Однажды осенью, когда уже подморозило, мне предложили лизнуть столб этого железного колеса и сказали:
—
Увидишь, что будет …Больше я так не попадалась. Язык мой распух, и моих “доброжелателей” я готова была убить.
Летом во дворе мы любили играть в “щуку и щуренка”, в “чай-чай, выручай”
— носились по газону, благо он был достаточно большой, в “банки” на дороге, в “вышибалы”… Вообще, во дворе у нас была дружная компания. Помню, как играли в казаки-разбойники. Меня поймали и выпытывали, где штаб: завели в подъезд и вели “провокационный” разговор: как бы между делом говорили между собой, что штаб там, мол, и там, а сами следили за моей реакцией. Я стояла себе спокойненько. В этой игре была интрига, и мы играли в нее с удовольствием, но редко. Это до нас, детей, в преображенном детским восприятием виде докатывалось эхо холодной войны. И именно мы, дети, переделывали его на наш, игровой и не страшный, детский лад, чтобы, вырастая, пытаться уничтожить его совсем.С Копалиными иногда проходили и новогодние праздники, когда нас, троих детей, оставляли одних в квартире под ответственность Миши. Мишу мы уважали, он был старший, дома у него была своя кладовка, переоборудованная под маленькую комнату. Там стояли стол, лампа, все стены были оклеены спортивными картинками. Миша занимался лыжами, и серьезно. Потом он стал мастером спорта по лыжам и завоевывал места и призы, даже уезжал на соревнования за границу (в Сараево). В Новый год были свои, особые игры: мы вставали на голову на диване, бросались подушками, загадывали игрушку на елке, короче говоря, весь праздник принадлежал нам. А потом очень любили включать гирлянды, тогда вся комната становилась сказочной, и мы смотрели классные фильмы по телику, а наутро под елкой находили подарки: мандарины, шоколадные конфеты, яблоки. После Нового года подметали конфетти, серпантин, потом еще долго стояла елка, и елка была, как правило, настоящая.

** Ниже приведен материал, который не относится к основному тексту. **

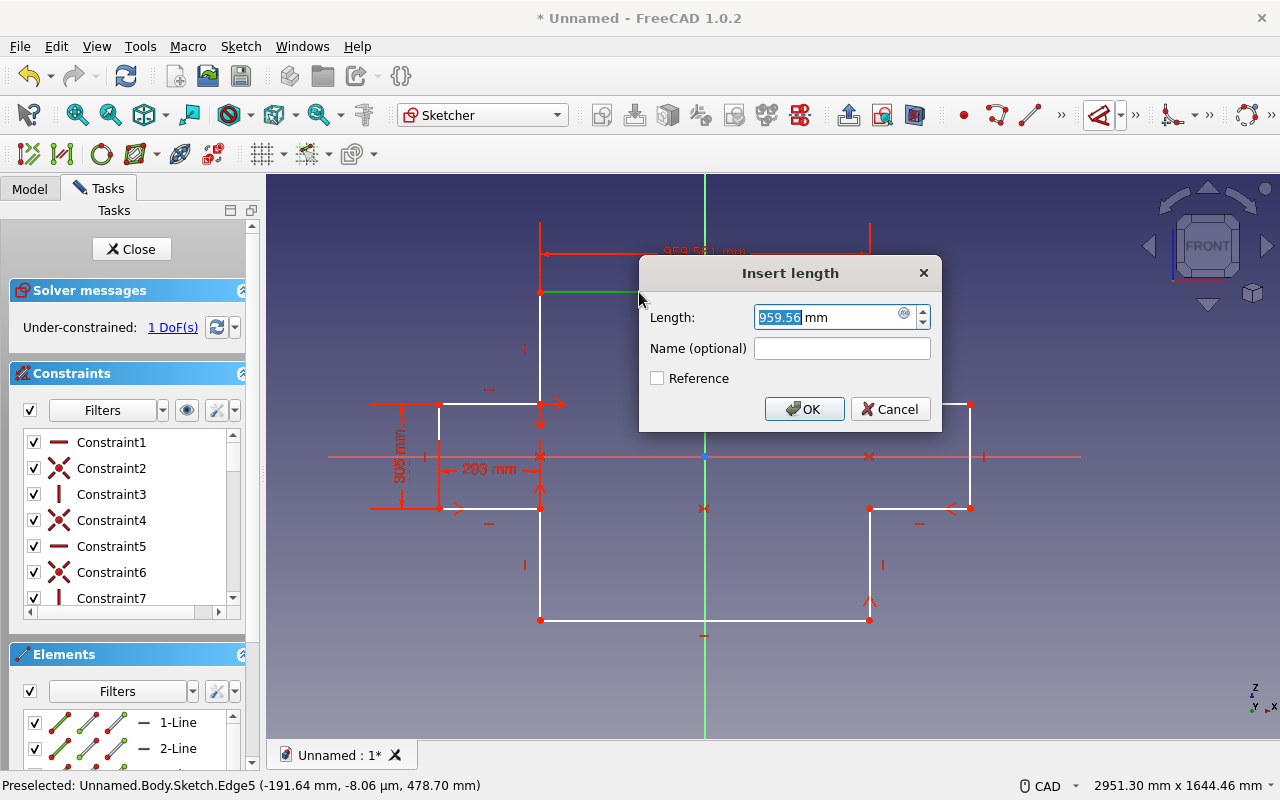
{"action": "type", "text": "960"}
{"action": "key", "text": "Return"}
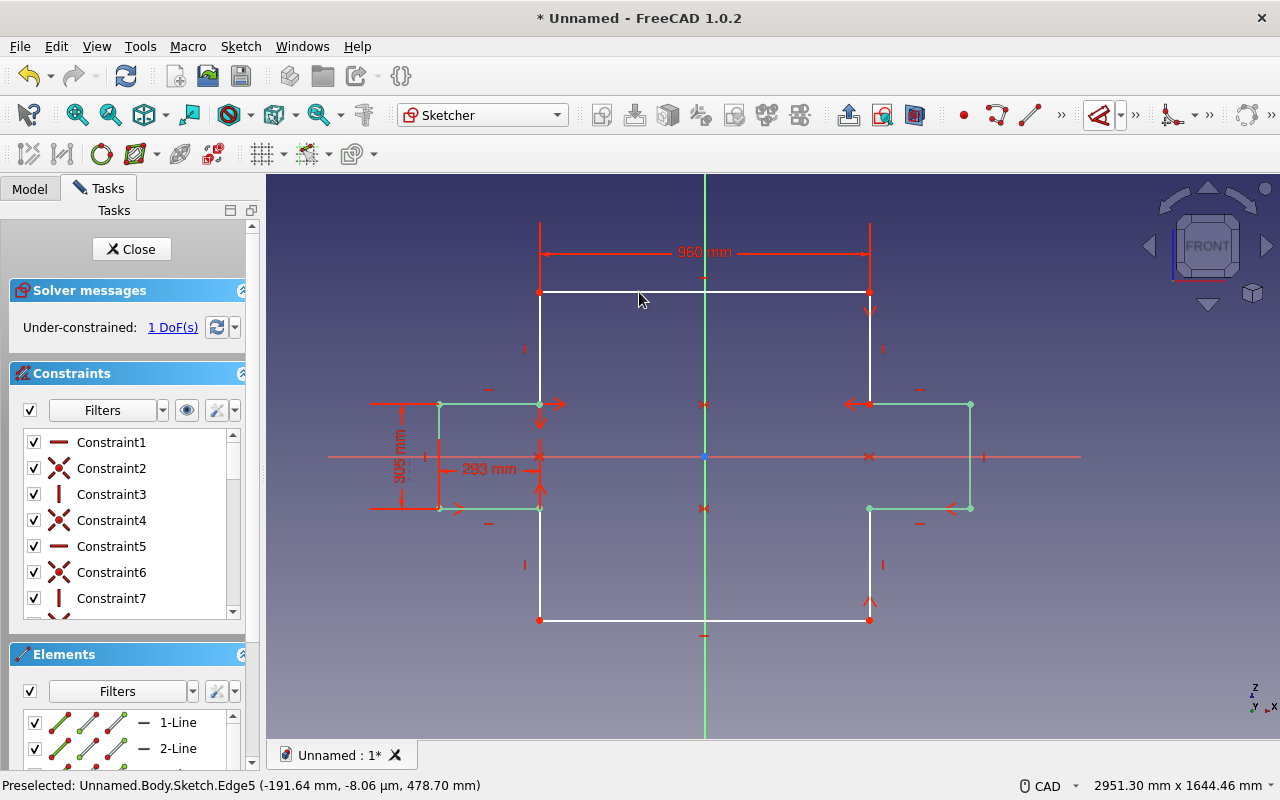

А еще были закаты в полнеба пред- и посленовогодние, алые, по морозцу. Мороз градусов 15–20, и небо, очень красивое, голубыми и розовыми разводами, когда сумерки и когда утренний рассвет.
Я любила гулять на улице, возле своего дома. Мы устраивали крепости в сугробах и из этих крепостей обкидывали друг друга снежками, лепили снежную бабу, и я приходила с улицы вся мокрая, от пальто до трусиков. Всю эту одежду сушили на батарее, а на окне папа сделал широкий подоконник, и мама выращивала там цветы. Не отсюда ли у меня такая любовь ко всему растущему?
Когда мне было семь лет, я дружила с мальчиком Женей из 3-го класса, он жил на втором этаже, а мы на четвертом. У меня под столом обосновались пупсики, и мы с Женей играли в этих пупсиков: у них были квартирки, Женя подключал к батарейке маленький игрушечный торшерчик, и у наших пупсиков был свет, а я шила им одежку. Но потом это дело мне наскучило из-за однообразия, и я перестала дружить с Женей.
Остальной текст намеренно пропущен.